HOW TO COMPLETE THIS TASK
Write out each record exactly as given, but do not include the pictures.

[Records contained in a dataset]
----------

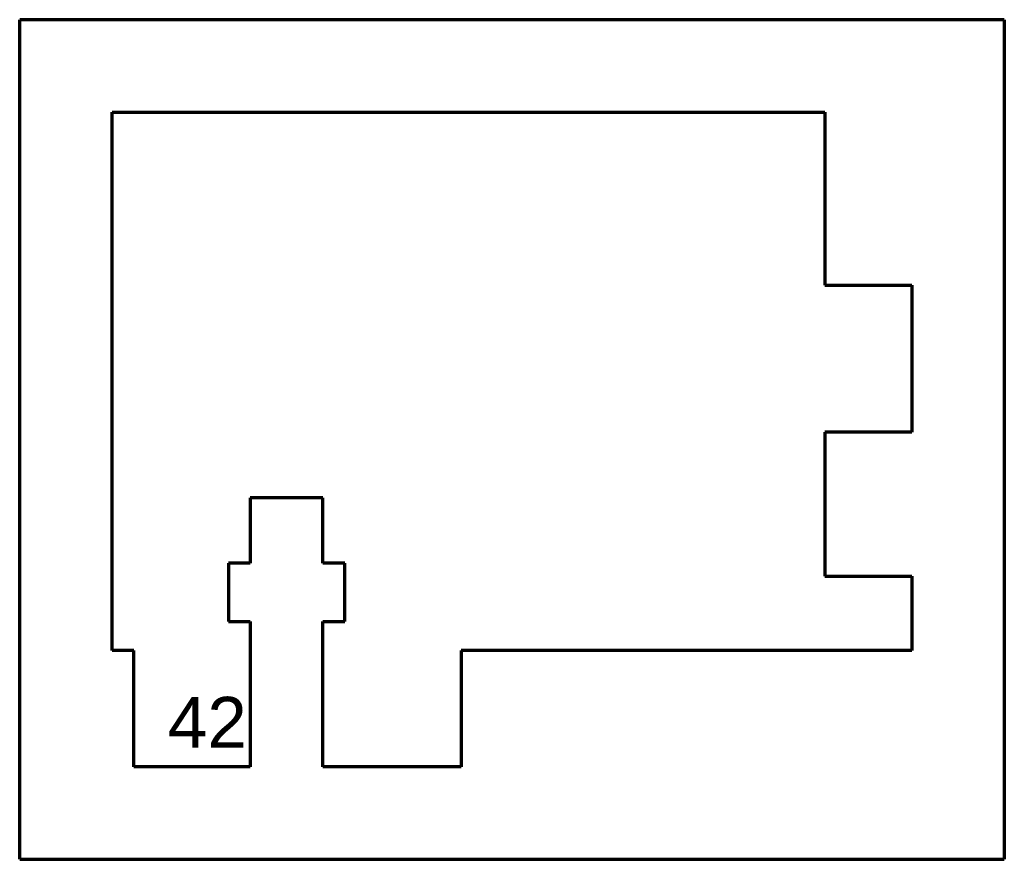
# Model space of a CAD drawing. Header units: millimetres. Extents: x 91.8 to 159.5, y 99.6 to 157.3.
import ezdxf

# ---------------------------------------------------------------- set-up
doc = ezdxf.new("R2010")
doc.units = ezdxf.units.MM
doc.layers.add('1', color=7, linetype='Continuous', true_color=0xffffff)
doc.styles.add('Arial', font='Arial')

msp = doc.modelspace()

# ---------------------------------------------------------------- linework, layer by layer
at = {"layer": '1', "color": 8, "linetype": 'Continuous', "lineweight": 70}
for p, q in [((91.809968, 99.643971), (91.809968, 157.343971)), ((159.509968, 157.343971), (91.809968, 157.343971)), ((159.509968, 157.343971), (159.509968, 99.643971)), ((91.809968, 99.643971), (159.509968, 99.643971))]:
    msp.add_line(p, q, dxfattribs=at)
at = {"layer": '1', "color": 175, "linetype": 'Continuous', "lineweight": 70}
for p, q in [((98.159968, 113.993971), (98.159968, 150.993971)), ((98.159968, 150.993971), (147.159968, 150.993971)), ((147.159968, 150.993971), (147.159968, 139.093971)), ((147.159968, 139.093971), (153.159968, 139.093971)), ((153.159968, 139.093971), (153.159968, 128.993971)), ((153.159968, 128.993971), (147.159968, 128.993971)), ((147.159968, 128.993971), (147.159968, 119.093971)), ((107.659968, 124.493971), (107.659968, 119.993971)), ((112.659968, 124.493971), (107.659968, 124.493971)), ((112.659968, 119.993971), (112.659968, 124.493971)), ((107.659968, 119.993971), (106.159968, 119.993971)), ((106.159968, 119.993971), (106.159968, 115.993971)), ((114.159968, 119.993971), (112.659968, 119.993971)), ((114.159968, 115.993971), (114.159968, 119.993971)), ((147.159968, 119.093971), (153.159968, 119.093971)), ((153.159968, 119.093971), (153.159968, 113.993971)), ((106.159968, 115.993971), (107.659968, 115.993971)), ((107.659968, 115.993971), (107.659968, 105.993971)), ((112.659968, 105.993971), (112.659968, 115.993971)), ((112.659968, 115.993971), (114.159968, 115.993971)), ((99.659968, 113.993971), (98.159968, 113.993971)), ((99.659968, 105.993971), (99.659968, 113.993971)), ((153.159968, 113.993971), (122.159968, 113.993971)), ((122.159968, 113.993971), (122.159968, 105.993971)), ((107.659968, 105.993971), (99.659968, 105.993971)), ((122.159968, 105.993971), (112.659968, 105.993971))]:
    msp.add_line(p, q, dxfattribs=at)

# ---------------------------------------------------------------- texts
at = {"layer": '1', "color": 18, "linetype": 'Continuous', "lineweight": 13, "insert": (101.990664, 101.194005), "char_height": 3.5, "attachment_point": 7, "line_spacing_factor": 1.047437, "style": 'Arial'}
msp.add_mtext('\\fArial|b0|i0;\\W1.0000;42\\P ', dxfattribs=at)

doc.saveas('drawing.dxf')

----------

RESULT
# Model space of a CAD drawing. Header units: millimetres. Extents: x 91.8 to 159.5, y 99.6 to 157.3.
import ezdxf

# ---------------------------------------------------------------- set-up
doc = ezdxf.new("R2010")
doc.units = ezdxf.units.MM
doc.layers.add('1', color=7, linetype='Continuous', true_color=0xffffff)
doc.styles.add('Arial', font='Arial')

msp = doc.modelspace()

# ---------------------------------------------------------------- linework, layer by layer
at = {"layer": '1', "color": 8, "linetype": 'Continuous', "lineweight": 70}
for p, q in [((91.809968, 99.643971), (91.809968, 157.343971)), ((159.509968, 157.343971), (91.809968, 157.343971)), ((159.509968, 157.343971), (159.509968, 99.643971)), ((91.809968, 99.643971), (159.509968, 99.643971))]:
    msp.add_line(p, q, dxfattribs=at)
at = {"layer": '1', "color": 175, "linetype": 'Continuous', "lineweight": 70}
for p, q in [((98.159968, 113.993971), (98.159968, 150.993971)), ((98.159968, 150.993971), (147.159968, 150.993971)), ((147.159968, 150.993971), (147.159968, 139.093971)), ((147.159968, 139.093971), (153.159968, 139.093971)), ((153.159968, 139.093971), (153.159968, 128.993971)), ((153.159968, 128.993971), (147.159968, 128.993971)), ((147.159968, 128.993971), (147.159968, 119.093971)), ((107.659968, 124.493971), (107.659968, 119.993971)), ((112.659968, 124.493971), (107.659968, 124.493971)), ((112.659968, 119.993971), (112.659968, 124.493971)), ((107.659968, 119.993971), (106.159968, 119.993971)), ((106.159968, 119.993971), (106.159968, 115.993971)), ((114.159968, 119.993971), (112.659968, 119.993971)), ((114.159968, 115.993971), (114.159968, 119.993971)), ((147.159968, 119.093971), (153.159968, 119.093971)), ((153.159968, 119.093971), (153.159968, 113.993971)), ((106.159968, 115.993971), (107.659968, 115.993971)), ((107.659968, 115.993971), (107.659968, 105.993971)), ((112.659968, 105.993971), (112.659968, 115.993971)), ((112.659968, 115.993971), (114.159968, 115.993971)), ((99.659968, 113.993971), (98.159968, 113.993971)), ((99.659968, 105.993971), (99.659968, 113.993971)), ((153.159968, 113.993971), (122.159968, 113.993971)), ((122.159968, 113.993971), (122.159968, 105.993971)), ((107.659968, 105.993971), (99.659968, 105.993971)), ((122.159968, 105.993971), (112.659968, 105.993971))]:
    msp.add_line(p, q, dxfattribs=at)

# ---------------------------------------------------------------- texts
at = {"layer": '1', "color": 18, "linetype": 'Continuous', "lineweight": 13, "insert": (101.990664, 101.194005), "char_height": 3.5, "attachment_point": 7, "line_spacing_factor": 1.047437, "style": 'Arial'}
msp.add_mtext('\\fArial|b0|i0;\\W1.0000;42\\P ', dxfattribs=at)

doc.saveas('drawing.dxf')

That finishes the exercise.